Leaving the pictures aside, repeat the entries exactly.

── Data

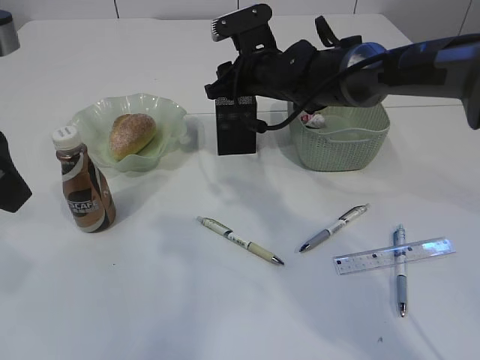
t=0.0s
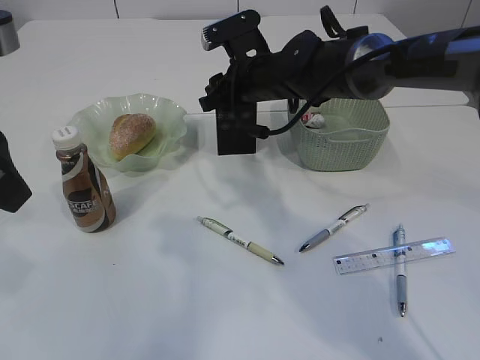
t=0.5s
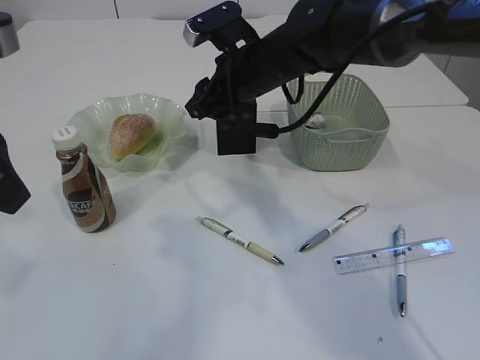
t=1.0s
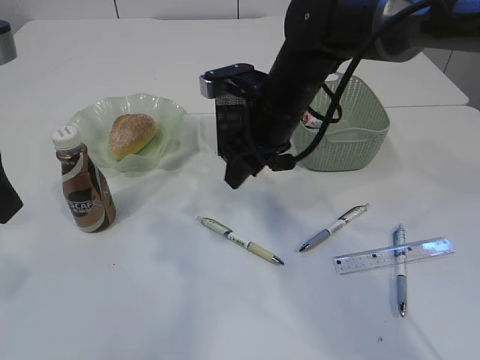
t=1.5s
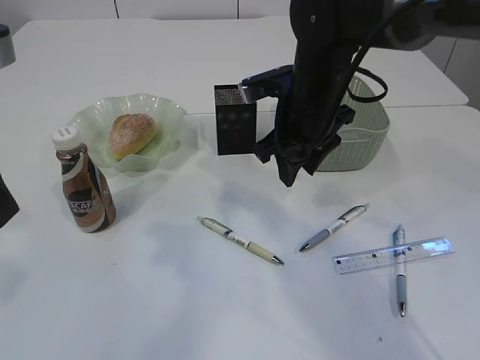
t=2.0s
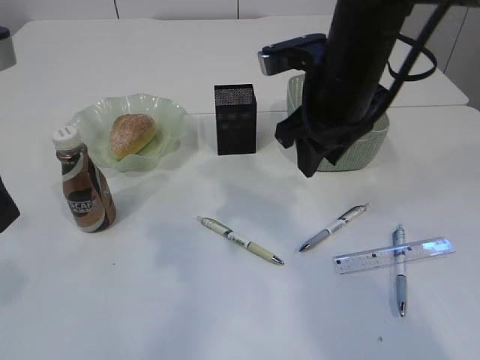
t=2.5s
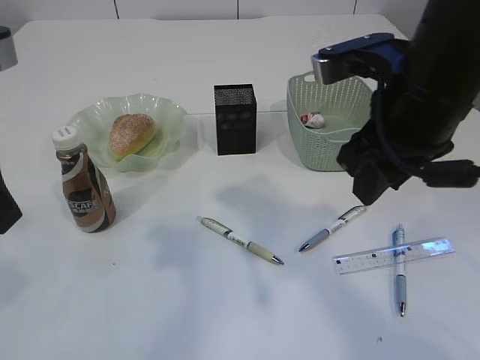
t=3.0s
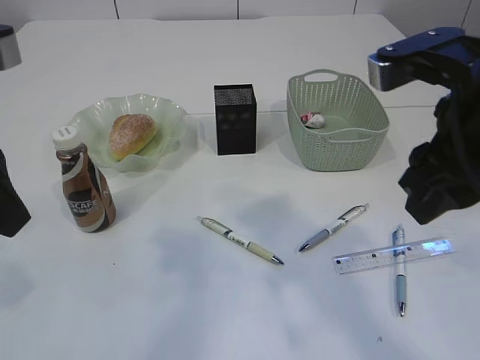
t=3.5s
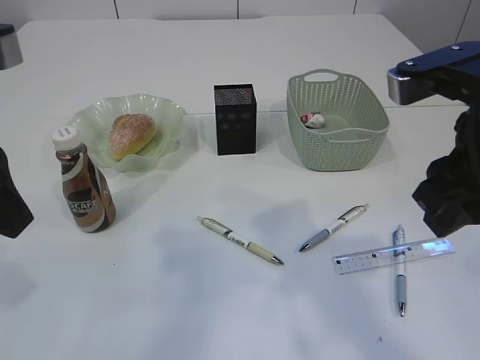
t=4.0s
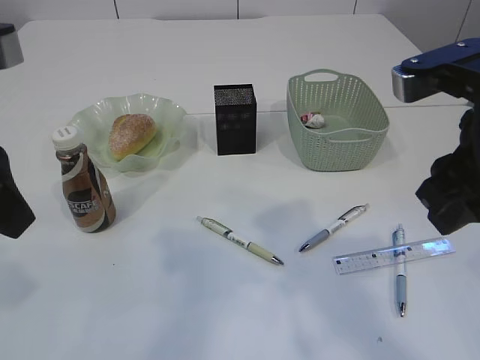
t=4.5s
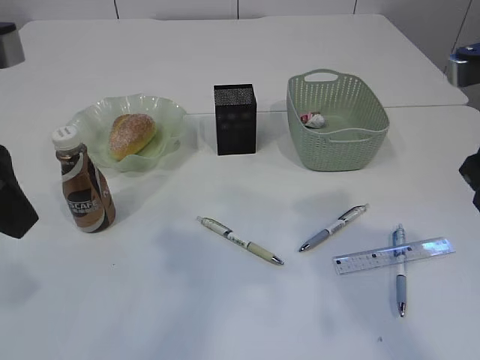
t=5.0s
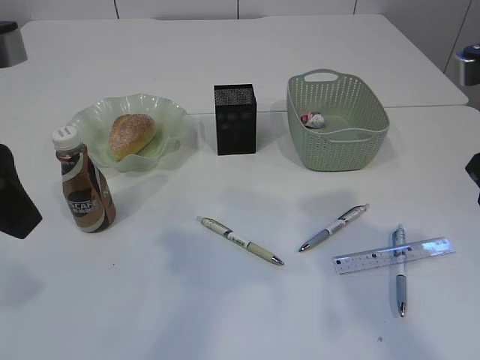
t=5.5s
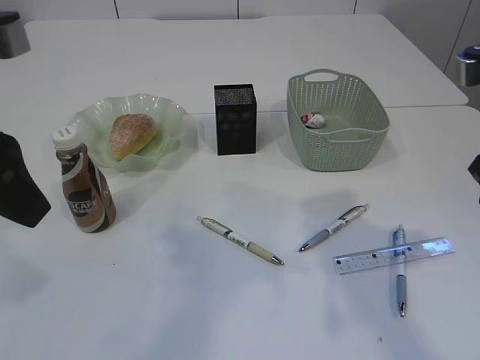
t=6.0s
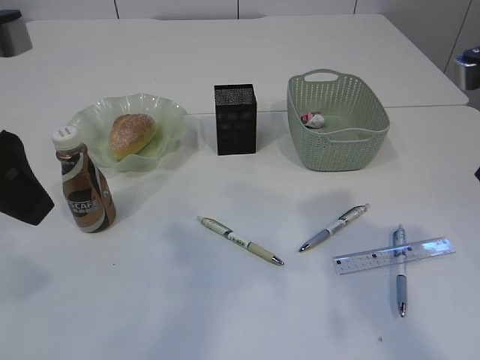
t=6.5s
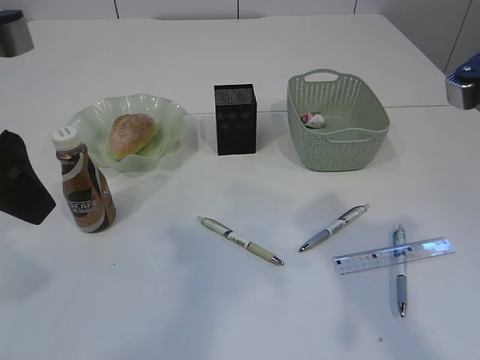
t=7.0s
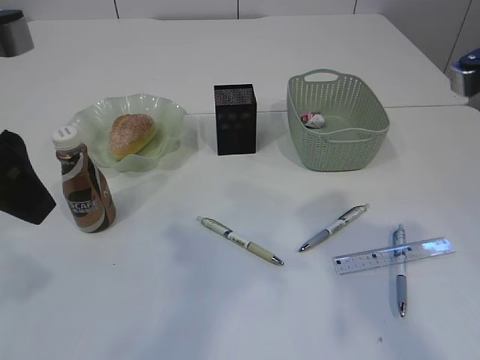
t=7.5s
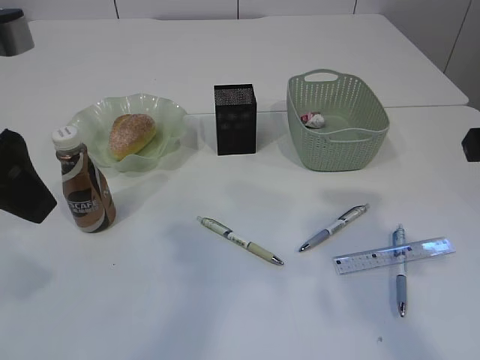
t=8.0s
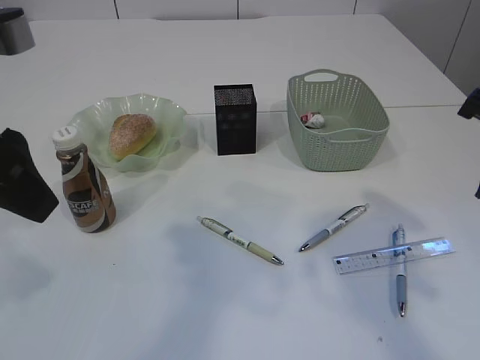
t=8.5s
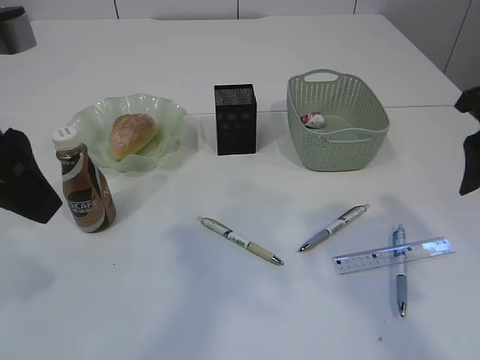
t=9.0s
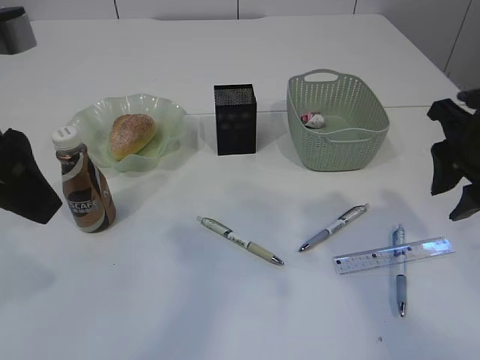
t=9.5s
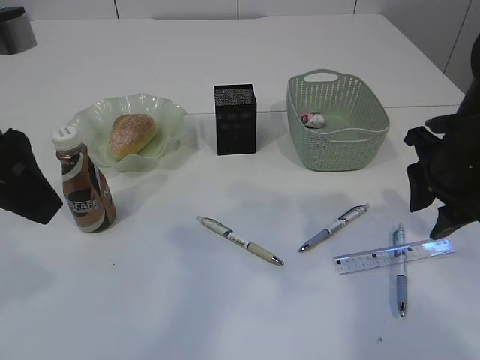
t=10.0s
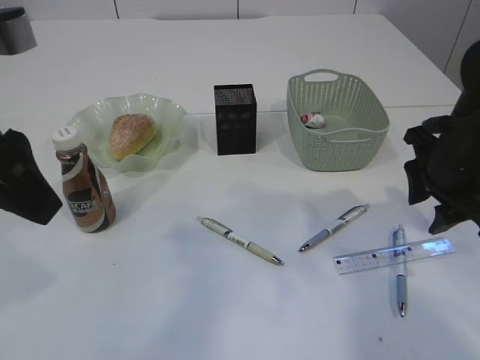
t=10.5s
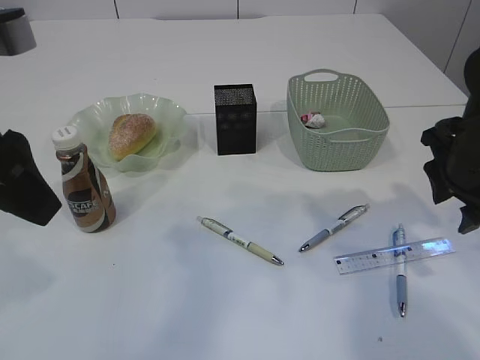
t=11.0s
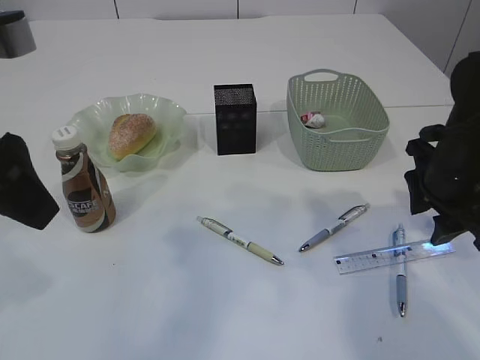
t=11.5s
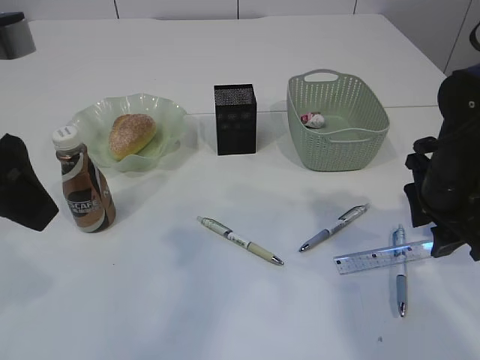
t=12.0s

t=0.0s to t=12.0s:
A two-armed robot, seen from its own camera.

────

Written response →
t=0.0s
t=0.5s
t=1.0s
t=1.5s
t=2.0s
t=2.5s
t=3.0s
t=3.5s
t=4.0s
t=4.5s
t=5.0s
t=5.5s
t=6.0s
t=6.5s
t=7.0s
t=7.5s
t=8.0s
t=8.5s
t=9.0s
t=9.5s
t=10.0s
t=10.5s
t=11.0s
t=11.5s
t=12.0s

t=0.0s to t=12.0s:
A two-armed robot, seen from its own camera.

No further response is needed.